Predation, especially nest predation, is an important factor affecting the production of offspring in birds (e.g. Lack 1968, Wiens 1989). In our study area, nest predation of Aythya species is high outside gull colonies, whereas inside colonies gulls successfully protect all nests (Väänänen in press). Decreasing numbers of breeding black-headed gulls Larus ridibundus may play an important role also in the decreasing population trends of tufted duck and pochard (J. Kauppinen & V-M. Väänänen, unpubl. data).

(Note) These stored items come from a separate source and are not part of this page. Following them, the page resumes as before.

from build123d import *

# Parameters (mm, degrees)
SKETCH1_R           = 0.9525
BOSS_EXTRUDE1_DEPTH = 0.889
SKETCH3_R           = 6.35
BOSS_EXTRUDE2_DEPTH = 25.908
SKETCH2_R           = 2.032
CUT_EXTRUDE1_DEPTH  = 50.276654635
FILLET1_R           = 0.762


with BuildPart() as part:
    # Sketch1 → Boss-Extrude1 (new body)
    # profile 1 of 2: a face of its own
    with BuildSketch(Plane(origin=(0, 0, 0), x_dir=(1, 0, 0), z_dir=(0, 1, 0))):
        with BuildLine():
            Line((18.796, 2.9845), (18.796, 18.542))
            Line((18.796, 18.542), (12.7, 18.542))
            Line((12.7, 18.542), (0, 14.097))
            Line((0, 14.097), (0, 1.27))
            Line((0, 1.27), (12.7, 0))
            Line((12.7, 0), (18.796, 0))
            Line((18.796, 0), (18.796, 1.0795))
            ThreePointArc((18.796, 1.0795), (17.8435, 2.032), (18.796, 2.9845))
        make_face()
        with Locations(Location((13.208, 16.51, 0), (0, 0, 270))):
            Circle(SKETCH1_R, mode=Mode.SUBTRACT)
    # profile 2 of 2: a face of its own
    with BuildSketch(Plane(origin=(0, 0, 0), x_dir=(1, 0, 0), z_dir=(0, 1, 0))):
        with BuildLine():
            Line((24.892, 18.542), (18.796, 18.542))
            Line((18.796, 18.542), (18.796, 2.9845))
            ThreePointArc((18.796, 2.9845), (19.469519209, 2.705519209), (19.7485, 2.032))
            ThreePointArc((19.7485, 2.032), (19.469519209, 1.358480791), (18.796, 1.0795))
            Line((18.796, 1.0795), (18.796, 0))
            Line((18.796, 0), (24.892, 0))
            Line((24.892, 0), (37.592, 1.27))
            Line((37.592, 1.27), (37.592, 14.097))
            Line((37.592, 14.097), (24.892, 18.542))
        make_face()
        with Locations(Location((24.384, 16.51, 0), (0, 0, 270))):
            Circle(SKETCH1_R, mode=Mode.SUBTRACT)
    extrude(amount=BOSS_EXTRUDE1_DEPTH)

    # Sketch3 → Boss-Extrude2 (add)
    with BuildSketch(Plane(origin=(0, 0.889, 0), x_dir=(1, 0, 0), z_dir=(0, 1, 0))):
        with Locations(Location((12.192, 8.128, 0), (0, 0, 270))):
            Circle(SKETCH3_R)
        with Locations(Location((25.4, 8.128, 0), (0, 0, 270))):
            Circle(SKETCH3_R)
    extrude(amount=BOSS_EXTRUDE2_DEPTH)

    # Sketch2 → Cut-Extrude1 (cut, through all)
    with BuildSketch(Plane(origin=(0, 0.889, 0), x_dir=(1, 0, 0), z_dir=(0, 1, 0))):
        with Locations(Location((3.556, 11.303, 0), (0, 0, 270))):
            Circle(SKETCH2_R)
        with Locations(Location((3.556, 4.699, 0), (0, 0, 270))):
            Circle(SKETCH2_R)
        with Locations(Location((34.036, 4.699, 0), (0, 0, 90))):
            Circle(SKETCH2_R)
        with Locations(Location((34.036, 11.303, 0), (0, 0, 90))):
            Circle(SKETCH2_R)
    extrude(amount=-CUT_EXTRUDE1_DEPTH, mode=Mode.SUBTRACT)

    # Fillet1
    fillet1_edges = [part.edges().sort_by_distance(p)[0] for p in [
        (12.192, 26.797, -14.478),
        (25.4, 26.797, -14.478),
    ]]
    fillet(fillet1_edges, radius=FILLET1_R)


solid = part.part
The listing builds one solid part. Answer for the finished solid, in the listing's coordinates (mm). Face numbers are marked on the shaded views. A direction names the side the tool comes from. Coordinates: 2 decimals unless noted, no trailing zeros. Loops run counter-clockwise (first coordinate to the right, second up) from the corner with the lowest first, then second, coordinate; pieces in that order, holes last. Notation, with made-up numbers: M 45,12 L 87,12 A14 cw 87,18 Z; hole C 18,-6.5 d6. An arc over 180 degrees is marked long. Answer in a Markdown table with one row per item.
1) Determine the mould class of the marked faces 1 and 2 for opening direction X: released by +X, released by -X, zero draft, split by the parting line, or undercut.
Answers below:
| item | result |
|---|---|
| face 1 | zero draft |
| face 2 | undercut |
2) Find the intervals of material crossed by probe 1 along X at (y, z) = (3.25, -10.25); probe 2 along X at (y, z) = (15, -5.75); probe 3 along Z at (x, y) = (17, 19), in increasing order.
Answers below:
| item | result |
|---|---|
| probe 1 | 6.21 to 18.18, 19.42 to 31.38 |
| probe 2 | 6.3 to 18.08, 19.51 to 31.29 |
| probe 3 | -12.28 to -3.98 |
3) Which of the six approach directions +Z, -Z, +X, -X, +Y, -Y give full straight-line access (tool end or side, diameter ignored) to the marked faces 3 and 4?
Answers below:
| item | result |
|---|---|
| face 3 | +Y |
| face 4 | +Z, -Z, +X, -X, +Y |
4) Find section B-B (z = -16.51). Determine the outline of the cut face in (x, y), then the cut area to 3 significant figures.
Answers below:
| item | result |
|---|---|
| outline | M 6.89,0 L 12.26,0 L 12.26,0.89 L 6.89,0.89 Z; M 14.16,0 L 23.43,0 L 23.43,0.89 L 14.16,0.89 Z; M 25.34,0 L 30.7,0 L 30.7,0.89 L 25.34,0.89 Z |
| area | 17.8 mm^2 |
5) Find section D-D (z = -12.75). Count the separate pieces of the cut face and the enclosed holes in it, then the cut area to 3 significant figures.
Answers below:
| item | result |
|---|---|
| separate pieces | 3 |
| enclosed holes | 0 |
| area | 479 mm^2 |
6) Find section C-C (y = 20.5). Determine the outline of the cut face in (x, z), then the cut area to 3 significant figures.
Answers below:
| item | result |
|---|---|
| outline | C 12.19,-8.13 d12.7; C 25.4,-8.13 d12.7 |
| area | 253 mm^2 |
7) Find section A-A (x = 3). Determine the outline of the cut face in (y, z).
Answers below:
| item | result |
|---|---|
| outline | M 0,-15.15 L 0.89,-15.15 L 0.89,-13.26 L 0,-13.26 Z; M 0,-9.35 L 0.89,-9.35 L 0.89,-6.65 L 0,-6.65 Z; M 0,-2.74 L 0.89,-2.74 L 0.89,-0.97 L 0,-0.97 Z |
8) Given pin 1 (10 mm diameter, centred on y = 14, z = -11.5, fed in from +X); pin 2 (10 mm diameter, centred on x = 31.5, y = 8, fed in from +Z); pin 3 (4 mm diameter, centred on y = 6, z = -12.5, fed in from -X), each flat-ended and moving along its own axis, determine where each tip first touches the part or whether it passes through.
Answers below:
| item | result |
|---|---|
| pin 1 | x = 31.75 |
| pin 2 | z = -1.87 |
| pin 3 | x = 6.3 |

In our study area, the total population of all waterfowl species was in a phase of increase during the 1970s, and reached its peak level at the beginning of the 1990s. Nevertheless, the mallard population level was lower in the 1990s. We suggest that hunting has had a negative effect on the densities of the breeding mallard population.
we are grateful to Esa Lammi, Hannu Poysa and Risto A. Väisänen for providing comparative data from the Finnish waterfowl monitoring project and to the Finnish Marine Research Institute, Kuopio Meteorological Station and Météo-France for providing meteorological data. We also wish to thank associate editor Hannu Pöysä, Pekka Helle, Petri Nummi and two anonymous referees for useful discussions and valuable comments on the manuscript. This study was financially supported by the Kuopio Naturalist Society and the Finnish Game Foundation.